(Directions) Of the lines listed below, return exactly those that run from the line containing "list Deze verordening kan" through the line containing "292, 1152, 347]", both included.
╭─ The records
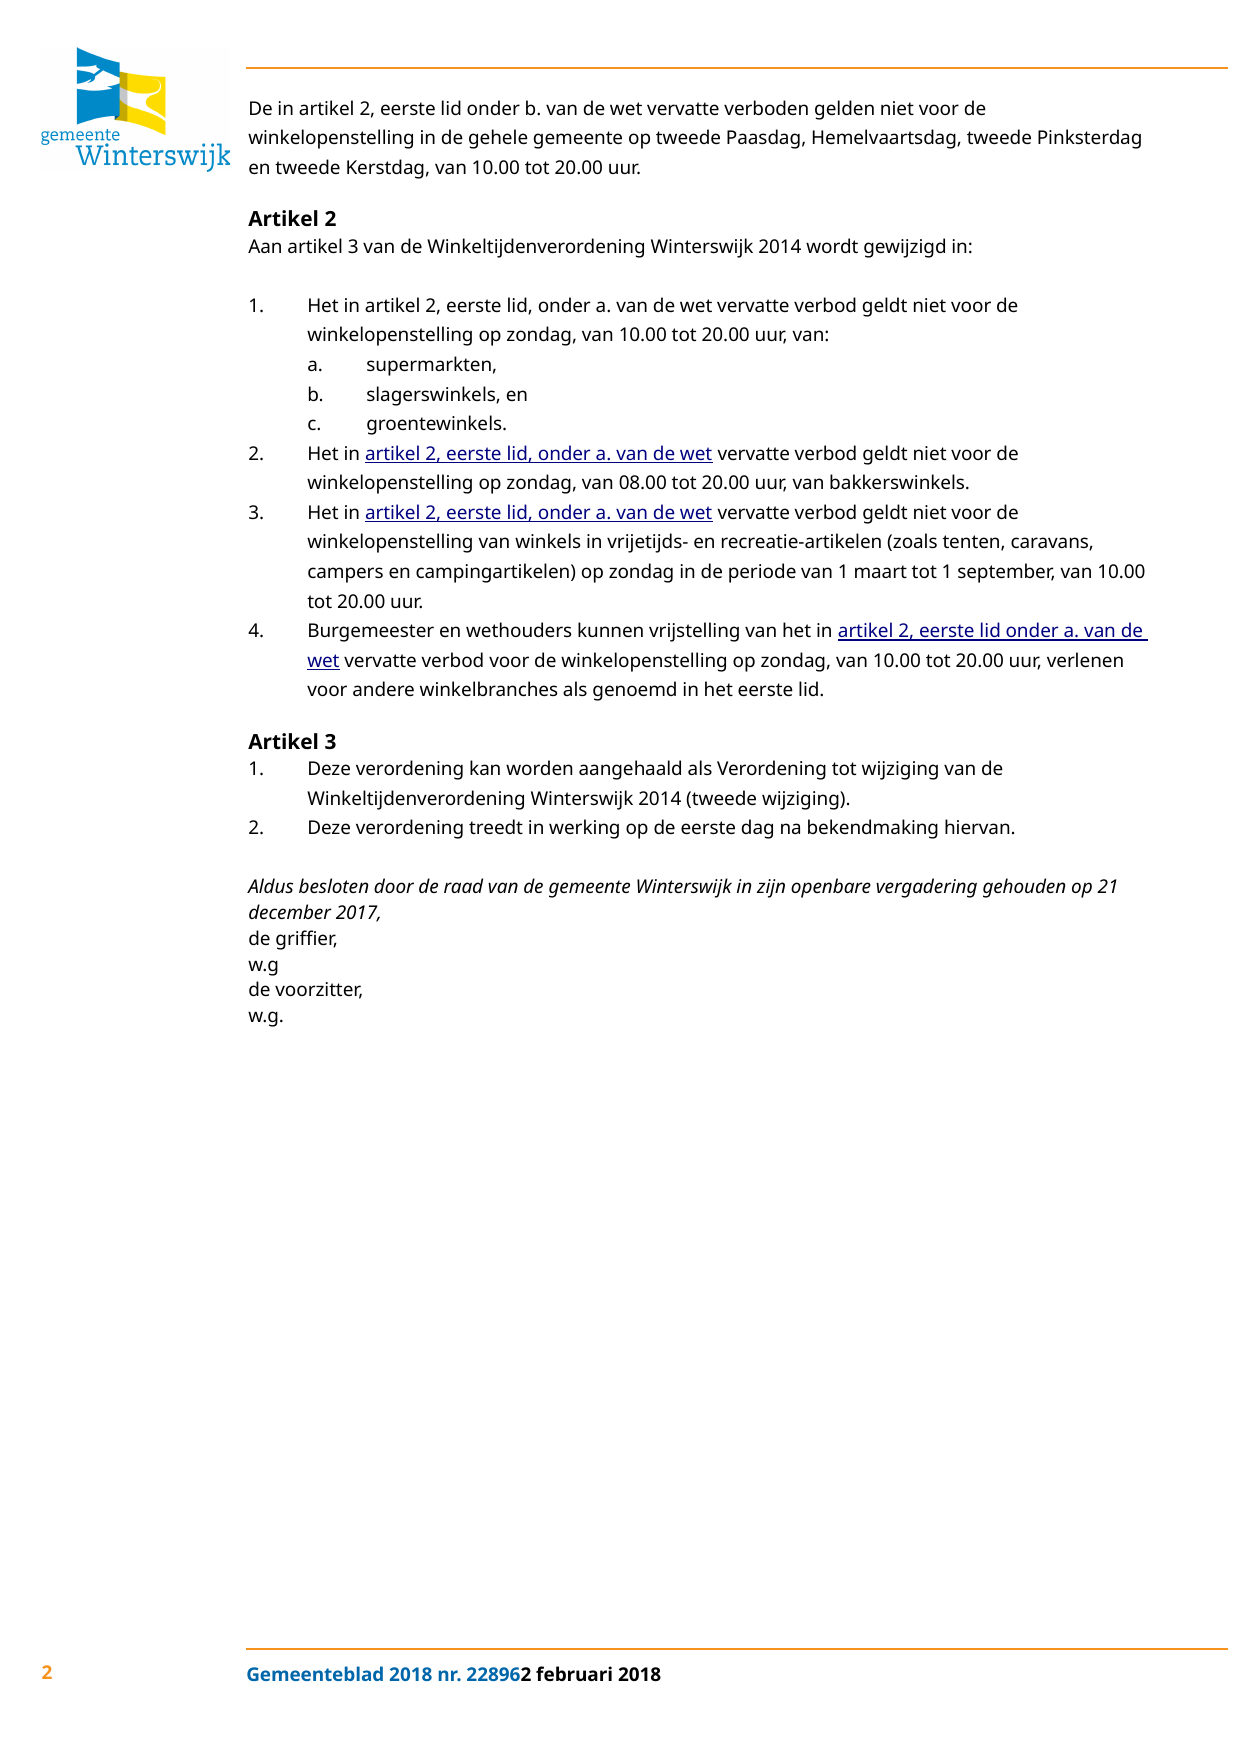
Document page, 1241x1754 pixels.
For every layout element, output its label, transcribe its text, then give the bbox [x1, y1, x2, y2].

list supermarkten, [307, 351, 1152, 377]
text de voorzitter, [248, 977, 1152, 1002]
list Deze verordening treedt in werking op de eerste dag na bekendmaking hiervan. [248, 814, 1152, 840]
list Burgemeester en wethouders kunnen vrijstelling van het in artikel 2, eerste lid onder a. van de wet vervatte verbod voor de winkelopenstelling op zondag, van 10.00 tot 20.00 uur, verlenen voor andere winkelbranches als genoemd in het eerste lid. [248, 617, 1152, 702]
text Aldus besloten door de raad van de gemeente Winterswijk in zijn openbare vergadering gehouden op 21 december 2017, [248, 874, 1152, 925]
text Artikel 2 [248, 204, 1152, 233]
list Het in artikel 2, eerste lid, onder a. van de wet vervatte verbod geldt niet voor de winkelopenstelling van winkels in vrijetijds- en recreatie-artikelen (zoals tenten, caravans, campers en campingartikelen) op zondag in de periode van 1 maart tot 1 september, van 10.00 tot 20.00 uur. [248, 499, 1152, 613]
list Deze verordening kan worden aangehaald als Verordening tot wijziging van de Winkeltijdenverordening Winterswijk 2014 (tweede wijziging). [248, 755, 1152, 811]
list groentewinkels. [307, 410, 1152, 436]
text Aan artikel 3 van de Winkeltijdenverordening Winterswijk 2014 wordt gewijzigd in: [248, 233, 1152, 258]
text w.g [248, 951, 1152, 977]
list Het in artikel 2, eerste lid, onder a. van de wet vervatte verbod geldt niet voor de winkelopenstelling op zondag, van 10.00 tot 20.00 uur, van: [248, 292, 1152, 347]
picture [41, 47, 231, 172]
list slagerswinkels, en [307, 381, 1152, 406]
list Het in artikel 2, eerste lid, onder a. van de wet vervatte verbod geldt niet voor de winkelopenstelling op zondag, van 08.00 tot 20.00 uur, van bakkerswinkels. [248, 440, 1152, 495]
text w.g. [248, 1002, 1152, 1028]
text de griffier, [248, 925, 1152, 951]
text De in artikel 2, eerste lid onder b. van de wet vervatte verboden gelden niet voor de winkelopenstelling in de gehele gemeente op tweede Paasdag, Hemelvaartsdag, tweede Pinksterdag en tweede Kerstdag, van 10.00 tot 20.00 uur. [248, 95, 1152, 180]
text Artikel 3 [248, 727, 1152, 755]
picture [225, 153, 231, 162]
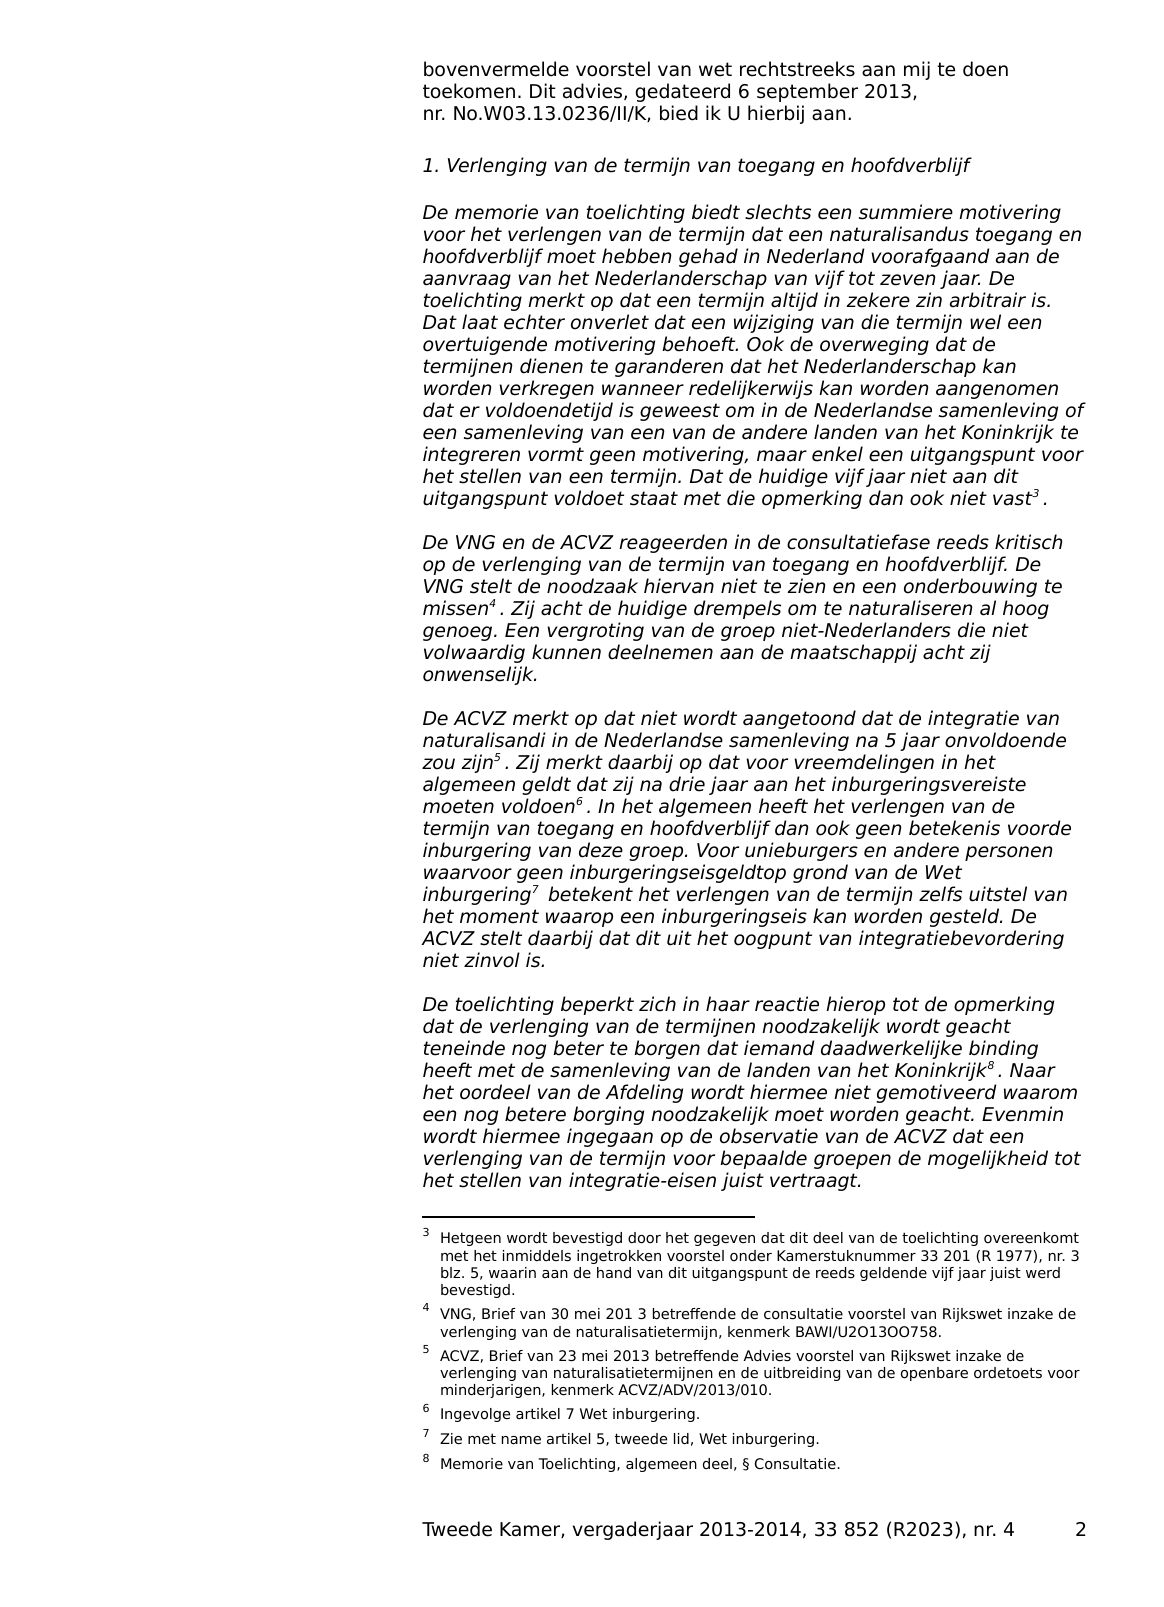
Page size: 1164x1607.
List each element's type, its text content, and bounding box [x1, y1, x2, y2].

text Zie met name artikel 5, tweede lid, Wet inburgering. [422, 1427, 1087, 1449]
text Memorie van Toelichting, algemeen deel, § Consultatie. [422, 1452, 1087, 1474]
text De toelichting beperkt zich in haar reactie hierop tot de opmerking dat de verlenging van de termijnen noodzakelijk wordt geacht teneinde nog beter te borgen dat iemand daadwerkelijke binding heeft met de samenleving van de landen van het Koninkrijk. Naar het oordeel van de Afdeling wordt hiermee niet gemotiveerd waarom een nog betere borging noodzakelijk moet worden geacht. Evenmin wordt hiermee ingegaan op de observatie van de ACVZ dat een verlenging van de termijn voor bepaalde groepen de mogelijkheid tot het stellen van integratie-eisen juist vertraagt. [422, 994, 1087, 1192]
text Ingevolge artikel 7 Wet inburgering. [422, 1402, 1087, 1424]
text bovenvermelde voorstel van wet rechtstreeks aan mij te doen toekomen. Dit advies, gedateerd 6 september 2013, nr. No.W03.13.0236/II/K, bied ik U hierbij aan. [422, 59, 1087, 125]
text De memorie van toelichting biedt slechts een summiere motivering voor het verlengen van de termijn dat een naturalisandus toegang en hoofdverblijf moet hebben gehad in Nederland voorafgaand aan de aanvraag van het Nederlanderschap van vijf tot zeven jaar. De toelichting merkt op dat een termijn altijd in zekere zin arbitrair is. Dat laat echter onverlet dat een wijziging van die termijn wel een overtuigende motivering behoeft. Ook de overweging dat de termijnen dienen te garanderen dat het Nederlanderschap kan worden verkregen wanneer redelijkerwijs kan worden aangenomen dat er voldoendetijd is geweest om in de Nederlandse samenleving of een samenleving van een van de andere landen van het Koninkrijk te integreren vormt geen motivering, maar enkel een uitgangspunt voor het stellen van een termijn. Dat de huidige vijf jaar niet aan dit uitgangspunt voldoet staat met die opmerking dan ook niet vast. [422, 202, 1087, 510]
text Hetgeen wordt bevestigd door het gegeven dat dit deel van de toelichting overeenkomt met het inmiddels ingetrokken voorstel onder Kamerstuknummer 33 201 (R 1977), nr. 3 blz. 5, waarin aan de hand van dit uitgangspunt de reeds geldende vijf jaar juist werd bevestigd. [422, 1226, 1087, 1299]
text ACVZ, Brief van 23 mei 2013 betreffende Advies voorstel van Rijkswet inzake de verlenging van naturalisatietermijnen en de uitbreiding van de openbare ordetoets voor minderjarigen, kenmerk ACVZ/ADV/2013/010. [422, 1343, 1087, 1399]
subtitle 1. Verlenging van de termijn van toegang en hoofdverblijf [422, 155, 1087, 177]
text De ACVZ merkt op dat niet wordt aangetoond dat de integratie van naturalisandi in de Nederlandse samenleving na 5 jaar onvoldoende zou zijn. Zij merkt daarbij op dat voor vreemdelingen in het algemeen geldt dat zij na drie jaar aan het inburgeringsvereiste moeten voldoen. In het algemeen heeft het verlengen van de termijn van toegang en hoofdverblijf dan ook geen betekenis voorde inburgering van deze groep. Voor unieburgers en andere personen waarvoor geen inburgeringseisgeldtop grond van de Wet inburgering betekent het verlengen van de termijn zelfs uitstel van het moment waarop een inburgeringseis kan worden gesteld. De ACVZ stelt daarbij dat dit uit het oogpunt van integratiebevordering niet zinvol is. [422, 708, 1087, 972]
text VNG, Brief van 30 mei 201 3 betreffende de consultatie voorstel van Rijkswet inzake de verlenging van de naturalisatietermijn, kenmerk BAWI/U2O13OO758. [422, 1302, 1087, 1341]
text De VNG en de ACVZ reageerden in de consultatiefase reeds kritisch op de verlenging van de termijn van toegang en hoofdverblijf. De VNG stelt de noodzaak hiervan niet te zien en een onderbouwing te missen. Zij acht de huidige drempels om te naturaliseren al hoog genoeg. Een vergroting van de groep niet-Nederlanders die niet volwaardig kunnen deelnemen aan de maatschappij acht zij onwenselijk. [422, 532, 1087, 686]
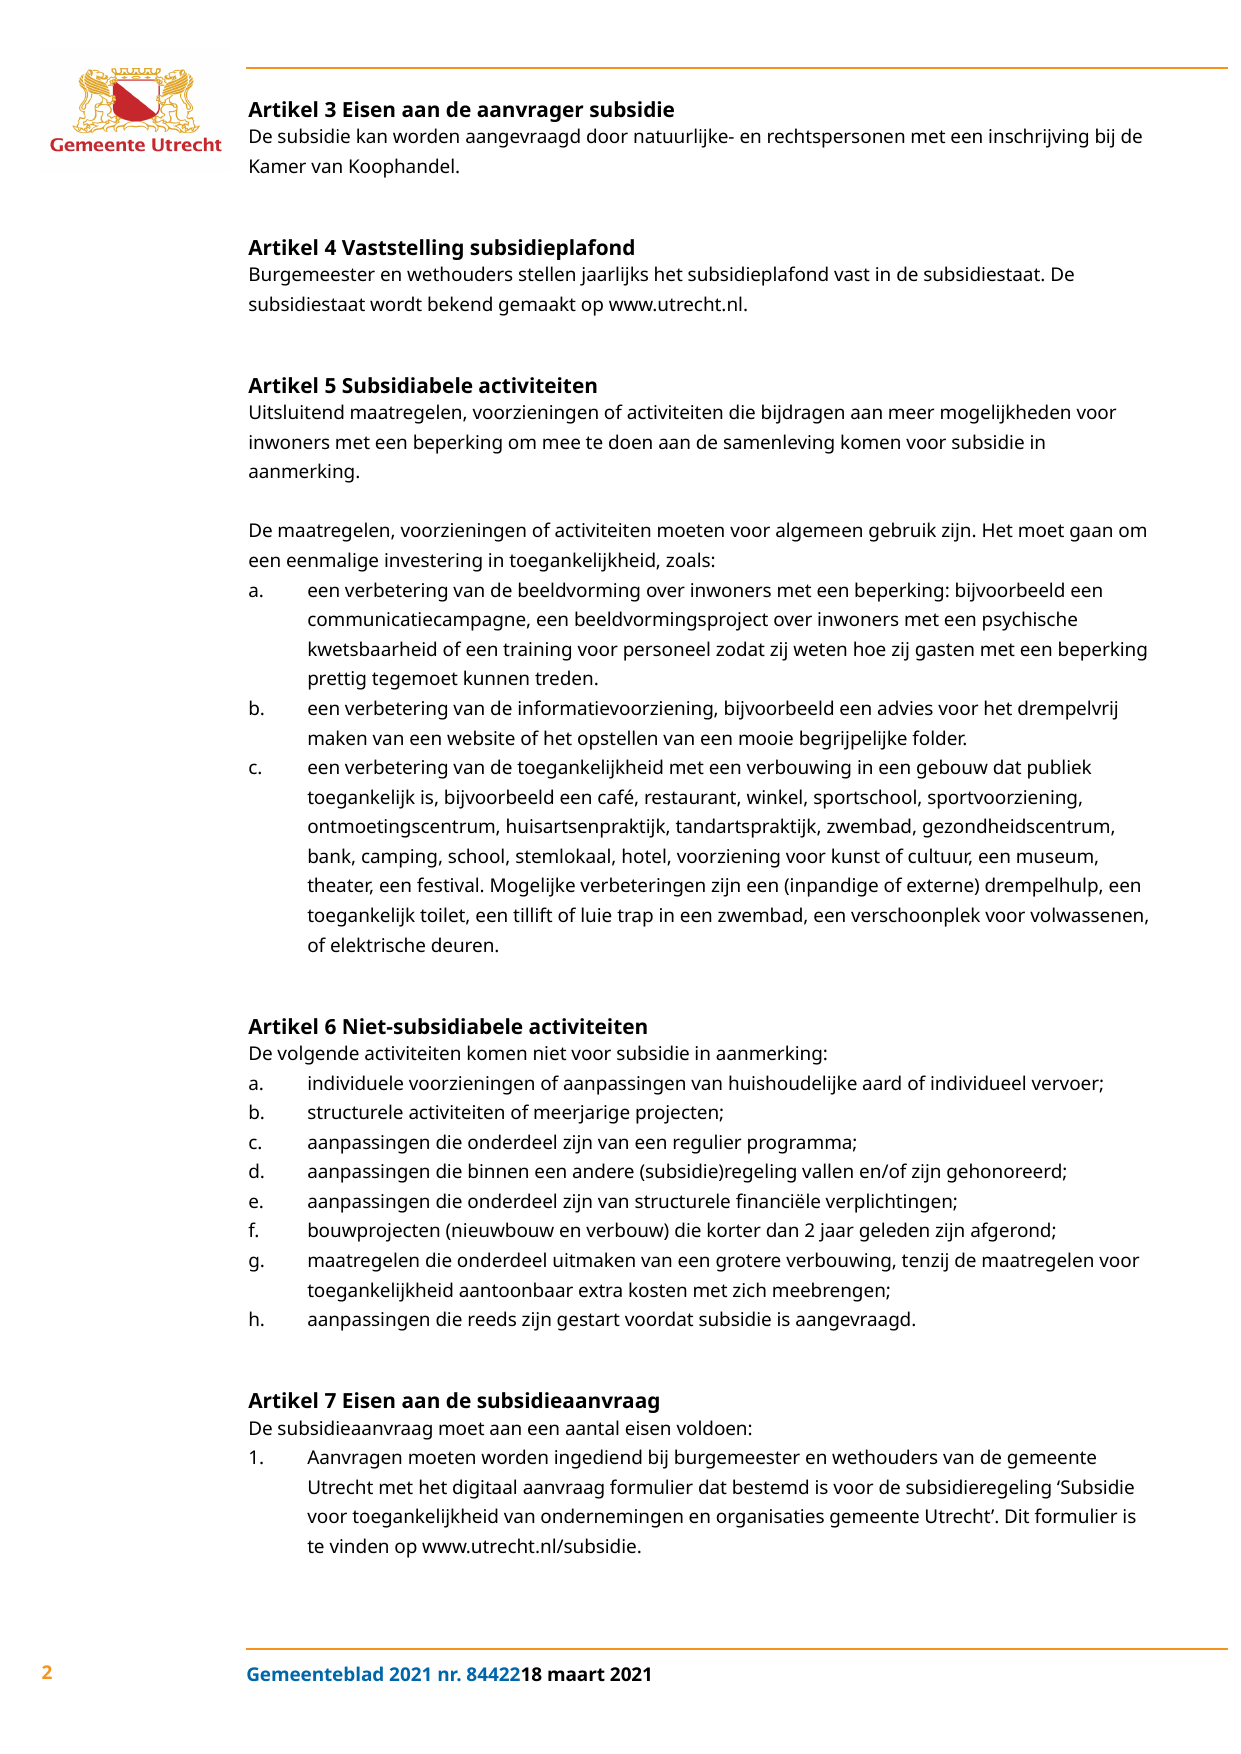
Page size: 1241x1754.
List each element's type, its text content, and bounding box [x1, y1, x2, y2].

text Artikel 4 Vaststelling subsidieplafond [248, 233, 1152, 261]
list maatregelen die onderdeel uitmaken van een grotere verbouwing, tenzij de maatregelen voor toegankelijkheid aantoonbaar extra kosten met zich meebrengen; [248, 1247, 1152, 1303]
text Burgemeester en wethouders stellen jaarlijks het subsidieplafond vast in de subsidiestaat. De subsidiestaat wordt bekend gemaakt op www.utrecht.nl. [248, 261, 1152, 317]
list een verbetering van de beeldvorming over inwoners met een beperking: bijvoorbeeld een communicatiecampagne, een beeldvormingsproject over inwoners met een psychische kwetsbaarheid of een training voor personeel zodat zij weten hoe zij gasten met een beperking prettig tegemoet kunnen treden. [248, 577, 1152, 691]
text De volgende activiteiten komen niet voor subsidie in aanmerking: [248, 1040, 1152, 1066]
text De subsidie kan worden aangevraagd door natuurlijke- en rechtspersonen met een inschrijving bij de Kamer van Koophandel. [248, 123, 1152, 178]
list een verbetering van de toegankelijkheid met een verbouwing in een gebouw dat publiek toegankelijk is, bijvoorbeeld een café, restaurant, winkel, sportschool, sportvoorziening, ontmoetingscentrum, huisartsenpraktijk, tandartspraktijk, zwembad, gezondheidscentrum, bank, camping, school, stemlokaal, hotel, voorziening voor kunst of cultuur, een museum, theater, een festival. Mogelijke verbeteringen zijn een (inpandige of externe) drempelhulp, een toegankelijk toilet, een tillift of luie trap in een zwembad, een verschoonplek voor volwassenen, of elektrische deuren. [248, 754, 1152, 957]
list aanpassingen die onderdeel zijn van structurele financiële verplichtingen; [248, 1188, 1152, 1214]
list structurele activiteiten of meerjarige projecten; [248, 1099, 1152, 1125]
text Uitsluitend maatregelen, voorzieningen of activiteiten die bijdragen aan meer mogelijkheden voor inwoners met een beperking om mee te doen aan de samenleving komen voor subsidie in aanmerking. [248, 399, 1152, 484]
text De subsidieaanvraag moet aan een aantal eisen voldoen: [248, 1415, 1152, 1441]
list een verbetering van de informatievoorziening, bijvoorbeeld een advies voor het drempelvrij maken van een website of het opstellen van een mooie begrijpelijke folder. [248, 695, 1152, 750]
list aanpassingen die reeds zijn gestart voordat subsidie is aangevraagd. [248, 1306, 1152, 1332]
text De maatregelen, voorzieningen of activiteiten moeten voor algemeen gebruik zijn. Het moet gaan om een eenmalige investering in toegankelijkheid, zoals: [248, 518, 1152, 573]
text Artikel 7 Eisen aan de subsidieaanvraag [248, 1386, 1152, 1415]
text Artikel 5 Subsidiabele activiteiten [248, 371, 1152, 399]
list Aanvragen moeten worden ingediend bij burgemeester en wethouders van de gemeente Utrecht met het digitaal aanvraag formulier dat bestemd is voor de subsidieregeling ‘Subsidie voor toegankelijkheid van ondernemingen en organisaties gemeente Utrecht’. Dit formulier is te vinden op www.utrecht.nl/subsidie. [248, 1444, 1152, 1559]
list bouwprojecten (nieuwbouw en verbouw) die korter dan 2 jaar geleden zijn afgerond; [248, 1218, 1152, 1243]
list aanpassingen die binnen een andere (subsidie)regeling vallen en/of zijn gehonoreerd; [248, 1158, 1152, 1184]
text Artikel 6 Niet-subsidiabele activiteiten [248, 1012, 1152, 1040]
list aanpassingen die onderdeel zijn van een regulier programma; [248, 1129, 1152, 1155]
list individuele voorzieningen of aanpassingen van huishoudelijke aard of individueel vervoer; [248, 1070, 1152, 1096]
text Artikel 3 Eisen aan de aanvrager subsidie [248, 95, 1152, 123]
picture [41, 47, 231, 172]
╰─
(Output below)
list Deze verordening kan worden aangehaald als Verordening tot wijziging van de Winkeltijdenverordening Winterswijk 2014 (tweede wijziging). [248, 755, 1152, 811]
list groentewinkels. [307, 410, 1152, 436]
text Aan artikel 3 van de Winkeltijdenverordening Winterswijk 2014 wordt gewijzigd in: [248, 233, 1152, 258]
text w.g [248, 951, 1152, 977]
list Het in artikel 2, eerste lid, onder a. van de wet vervatte verbod geldt niet voor de winkelopenstelling op zondag, van 10.00 tot 20.00 uur, van: [248, 292, 1152, 347]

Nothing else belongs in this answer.